Root Veg and Apple Stuffing
In buttered dish, roast 2 cups (500 mL) each diced carrot, parsnip, squash and sweet potato; 1 head garlic, peeled, with olive oil, salt and pepper, at 400°F (200°C), 20 minutes. In saucepan, cook 2 cups (500 mL) each diced apple and pearl onions with chopped sage in butter, until caramelized. Add to roasted vegetables with 1 cup (250 mL) stock and bake 20 minutes.
Orzo-Stuffed Baked Peppers
This tasty side dish puts a unique spin on traditional Thanksgiving fare. Bonus: Leave out the sausage for a veggie-friendly option.

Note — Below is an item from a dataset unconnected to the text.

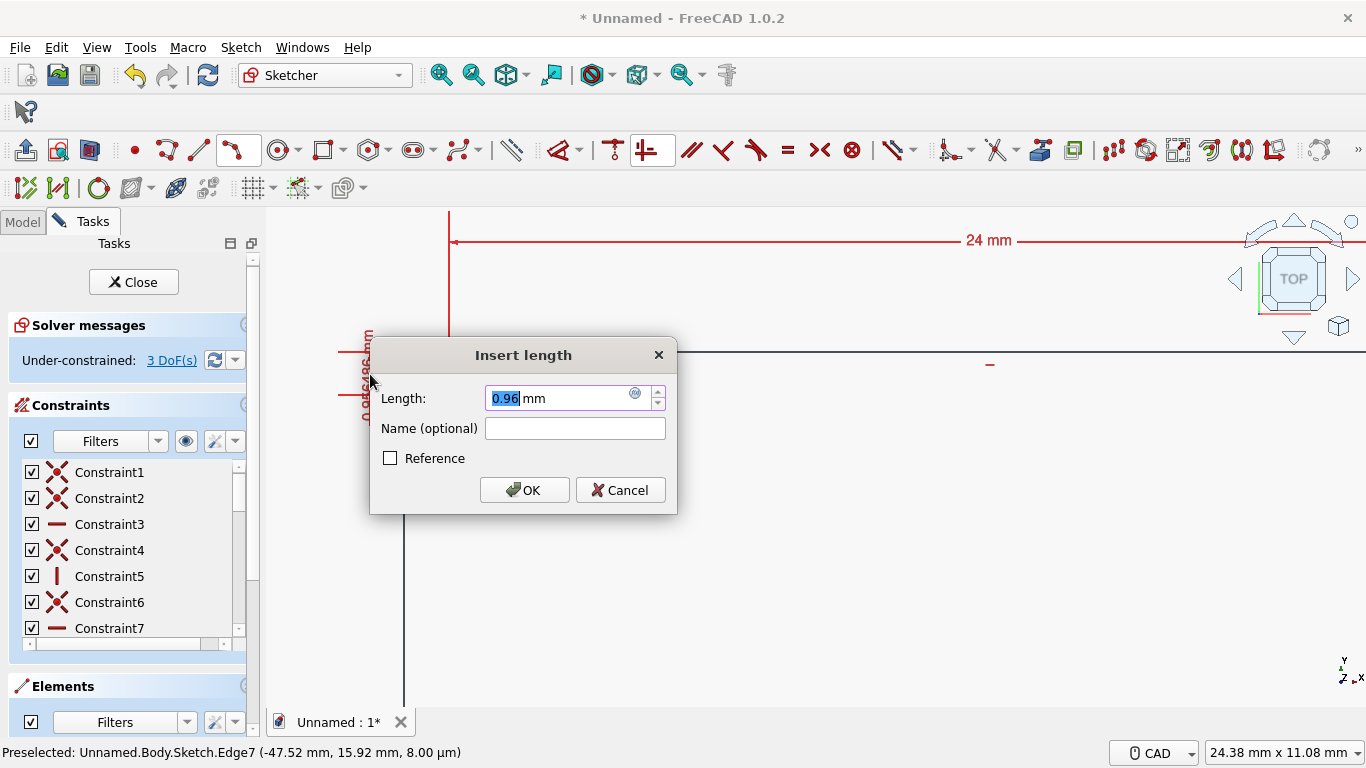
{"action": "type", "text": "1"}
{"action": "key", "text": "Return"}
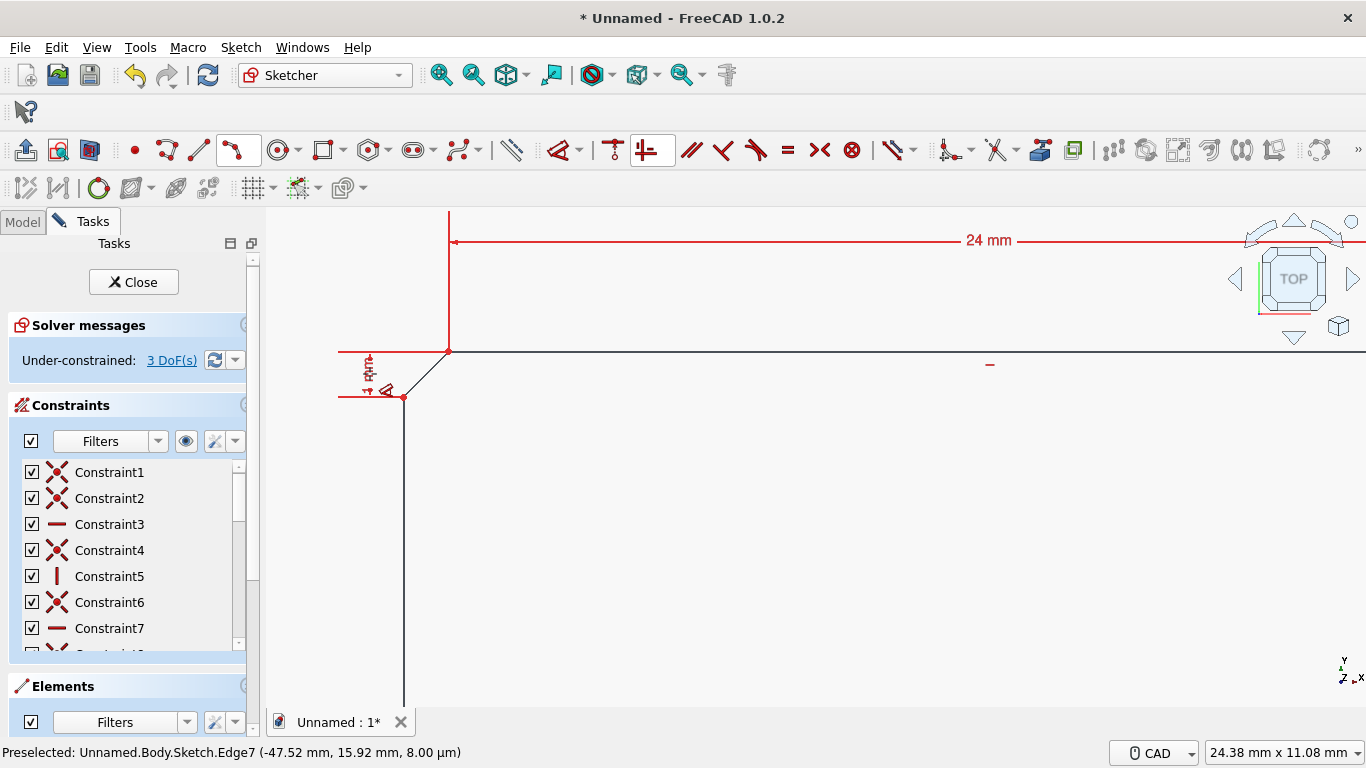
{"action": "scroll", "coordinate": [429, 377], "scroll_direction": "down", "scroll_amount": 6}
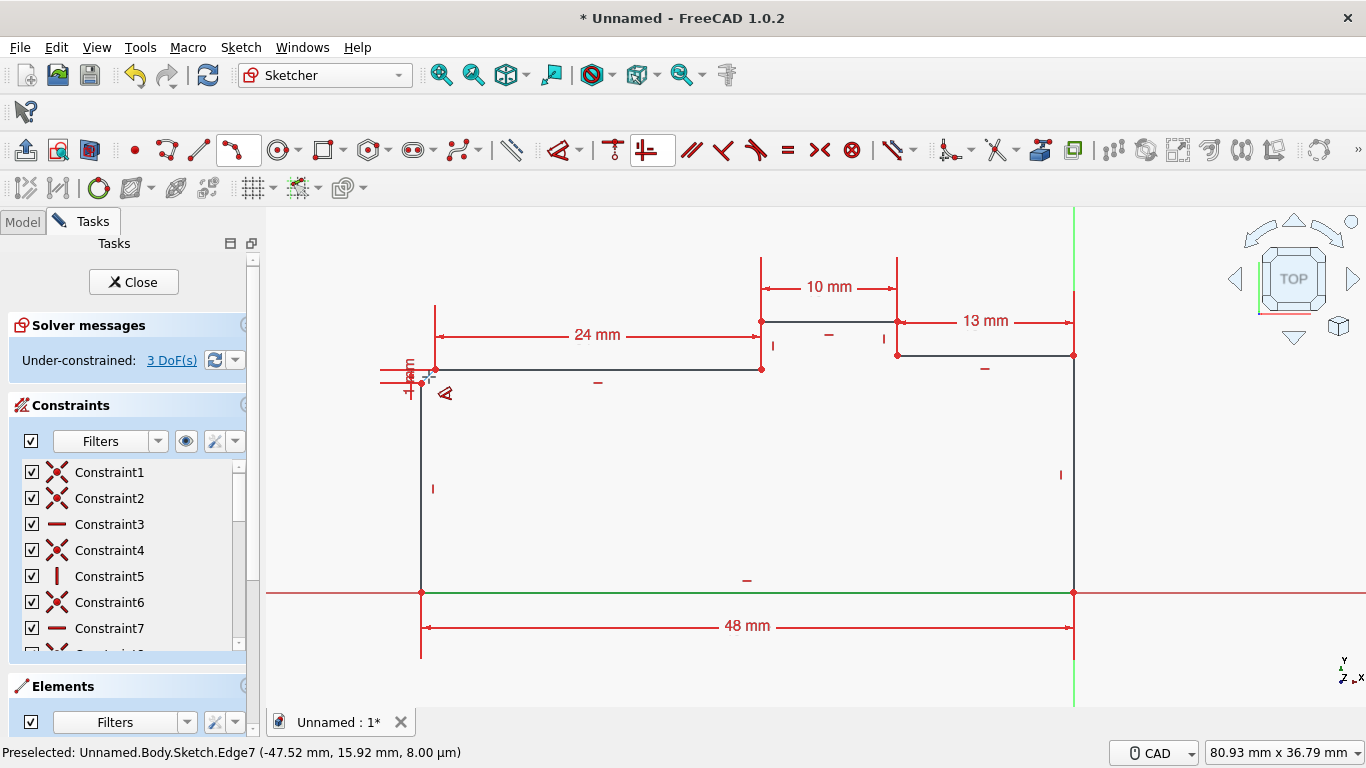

Cornbread and Chorizo Stuffing
Cook 1 lb (500 g) diced chorizo. Add ½ cup (125 mL) butter and sauté 1 medium onion, 2 celery stalks and 1 roasted serrano pepper, all diced. Add 6 chopped scallions; ½ cup (125 mL) each minced cilantro and parsley; and 3 cups (750 mL) grilled cornbread, cubed. Add 1 cup (250 mL) chicken stock. Bake in buttered dish at 350°F (180°C), 25 minutes.
Cranberry and Pistachio Wild Rice Stuffing
Sauté 1 onion, 2 celery sticks and 1 leek, diced, and 4 cloves garlic, minced, in butter. Add 2 cups (500 mL) cooked wild rice, 1 cup (250 mL) cooked basmati, 2 cups (500 mL) dried cranberries, chopped parsley and rosemary, 1 cup (250 mL) chicken stock and 1 cup (250 mL) toasted pistachios. Season. Bake in buttered dish at 400°F (200°C), 20 minutes.
Barley Cabbage Rolls
This hearty side dish is great to make if you’ll have a large group around your table.
Potato, Chick Pea and Spinach Stuffing
Sauté 2 cloves minced garlic, 1 sliced large red onion, 1 lb (500 g) diced potatoes, 2 cups (500 mL) diced carrots, 4 cups (1 L) each cooked chickpeas and chicken stock. Add 1 tsp (5 mL) fenugreek; ½ tsp (2 mL) each allspice, black pepper, ginger, paprika and salt; chopped parsley and coriander; and 1 lb (500 g) baby spinach. Bake in buttered dish at 350°F (180°C), 45 minutes.